To better understand how that will happen if ObamaCare is not defunded or repealed, it is critical to understand the nature of “comparative effectiveness research.” In order to save money for the cost of socialist health care regimes, bureaucrats often play the “comparative effectiveness research” card to mandate that doctors provide inferior care and treatment that often does not work.

These studies, for which there is nearly a billion dollars worth of funding in the ObamaCare bill, become the basis of bureaucratic mandates that substitute the government’s judgment for that of a doctor. For instance, if a government study says that drug X is as effective as drug Y (which is cheaper), the government will often begin to deny coverage for drug X forcing the doctor to use drug Y. In some instances, patients only respond to drug X. Doctors and patients should never be forced to take drugs that don’t work. Doctor’s need to be able to make these decisions without interference from a bureaucrat. That is what the Kyl bill seeks.

This is not a theoretical argument any longer.
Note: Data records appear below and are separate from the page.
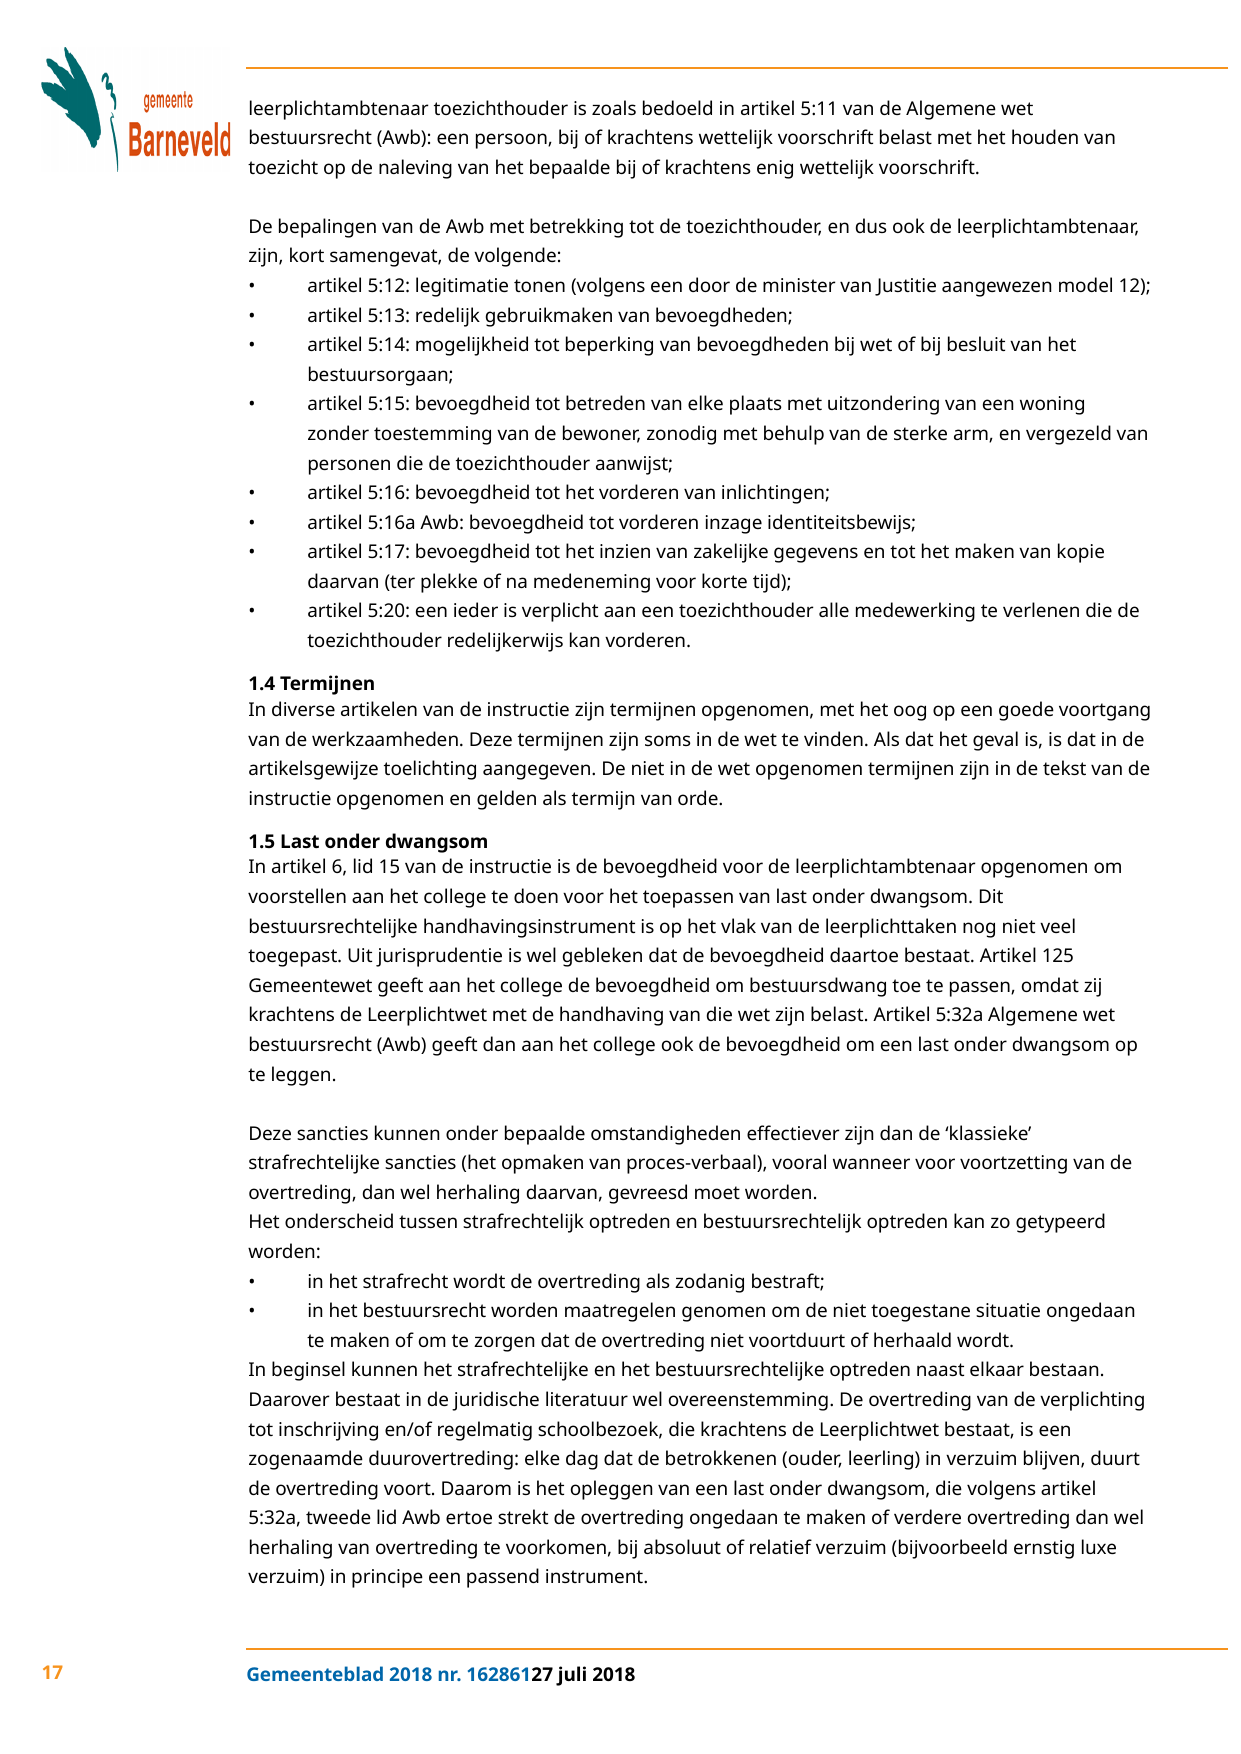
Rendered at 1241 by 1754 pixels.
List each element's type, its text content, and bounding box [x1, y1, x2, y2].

list artikel 5:16a Awb: bevoegdheid tot vorderen inzage identiteitsbewijs; [248, 509, 1152, 535]
text 1.4 Termijnen [248, 670, 1152, 696]
text In diverse artikelen van de instructie zijn termijnen opgenomen, met het oog op een goede voortgang van de werkzaamheden. Deze termijnen zijn soms in de wet te vinden. Als dat het geval is, is dat in de artikelsgewijze toelichting aangegeven. De niet in de wet opgenomen termijnen zijn in de tekst van de instructie opgenomen en gelden als termijn van orde. [248, 696, 1152, 811]
list artikel 5:20: een ieder is verplicht aan een toezichthouder alle medewerking te verlenen die de toezichthouder redelijkerwijs kan vorderen. [248, 598, 1152, 653]
list in het strafrecht wordt de overtreding als zodanig bestraft; [248, 1268, 1152, 1294]
text In artikel 6, lid 15 van de instructie is de bevoegdheid voor de leerplichtambtenaar opgenomen om voorstellen aan het college te doen voor het toepassen van last onder dwangsom. Dit bestuursrechtelijke handhavingsinstrument is op het vlak van de leerplichttaken nog niet veel toegepast. Uit jurisprudentie is wel gebleken dat de bevoegdheid daartoe bestaat. Artikel 125 Gemeentewet geeft aan het college de bevoegdheid om bestuursdwang toe te passen, omdat zij krachtens de Leerplichtwet met de handhaving van die wet zijn belast. Artikel 5:32a Algemene wet bestuursrecht (Awb) geeft dan aan het college ook de bevoegdheid om een last onder dwangsom op te leggen. [248, 854, 1152, 1087]
list artikel 5:17: bevoegdheid tot het inzien van zakelijke gegevens en tot het maken van kopie daarvan (ter plekke of na medeneming voor korte tijd); [248, 538, 1152, 594]
picture [41, 47, 231, 172]
list artikel 5:13: redelijk gebruikmaken van bevoegdheden; [248, 302, 1152, 328]
text Het onderscheid tussen strafrechtelijk optreden en bestuursrechtelijk optreden kan zo getypeerd worden: [248, 1209, 1152, 1264]
text 1.5 Last onder dwangsom [248, 828, 1152, 854]
text De bepalingen van de Awb met betrekking tot de toezichthouder, en dus ook de leerplichtambtenaar, zijn, kort samengevat, de volgende: [248, 213, 1152, 268]
text leerplichtambtenaar toezichthouder is zoals bedoeld in artikel 5:11 van de Algemene wet bestuursrecht (Awb): een persoon, bij of krachtens wettelijk voorschrift belast met het houden van toezicht op de naleving van het bepaalde bij of krachtens enig wettelijk voorschrift. [248, 95, 1152, 180]
text Deze sancties kunnen onder bepaalde omstandigheden effectiever zijn dan de ‘klassieke’ strafrechtelijke sancties (het opmaken van proces-verbaal), vooral wanneer voor voortzetting van de overtreding, dan wel herhaling daarvan, gevreesd moet worden. [248, 1120, 1152, 1205]
list artikel 5:15: bevoegdheid tot betreden van elke plaats met uitzondering van een woning zonder toestemming van de bewoner, zonodig met behulp van de sterke arm, en vergezeld van personen die de toezichthouder aanwijst; [248, 391, 1152, 476]
list in het bestuursrecht worden maatregelen genomen om de niet toegestane situatie ongedaan te maken of om te zorgen dat de overtreding niet voortduurt of herhaald wordt. [248, 1297, 1152, 1353]
list artikel 5:16: bevoegdheid tot het vorderen van inlichtingen; [248, 479, 1152, 505]
list artikel 5:14: mogelijkheid tot beperking van bevoegdheden bij wet of bij besluit van het bestuursorgaan; [248, 331, 1152, 387]
list artikel 5:12: legitimatie tonen (volgens een door de minister van Justitie aangewezen model 12); [248, 272, 1152, 298]
text In beginsel kunnen het strafrechtelijke en het bestuursrechtelijke optreden naast elkaar bestaan. Daarover bestaat in de juridische literatuur wel overeenstemming. De overtreding van de verplichting tot inschrijving en/of regelmatig schoolbezoek, die krachtens de Leerplichtwet bestaat, is een zogenaamde duurovertreding: elke dag dat de betrokkenen (ouder, leerling) in verzuim blijven, duurt de overtreding voort. Daarom is het opleggen van een last onder dwangsom, die volgens artikel 5:32a, tweede lid Awb ertoe strekt de overtreding ongedaan te maken of verdere overtreding dan wel herhaling van overtreding te voorkomen, bij absoluut of relatief verzuim (bijvoorbeeld ernstig luxe verzuim) in principe een passend instrument. [248, 1357, 1152, 1589]

The Wall Street Journal is reporting that the National Institute of Health has been conducting a study of the drugs Avastin and Lucentis. Lucentis is an FDA approved drug that is highly effective is stopping macular degeneration – a disease of the eye. The drug was tested and found safe to inject into the eye and patients report miraculous results. Avastin, on the other hand, was never approved for such a purpose. While effective in extending the life of cancer patients, it was never approved for eye injections. But because Avastin is cheaper than Lucentis, the NIH has been studying whether the drug should be substituted for Lucentis for “off-label” use.

This effort appears to have hit a roadblock. A Johns Hopkins University Study seems to indicate the dangers of such a scheme. The Journal reports that using Avastin for this non- approved purpose showed an 11% higher risk in overall mortality and a 57% higher risk of hemorrhagic cerebrovascular accident. “Data from this Medicare claims analysis suggest differences in the safety profile of Avastin versus Lucentis,” the researchers concluded.

Quality, safety and effectiveness are paramount concerns over cost and those decisions are best made on the front line of the health care battle – in the doctor’s office. Senator Kyl and his supporters understand this implicitly and hopefully the rest of the Congress will come to their senses soon.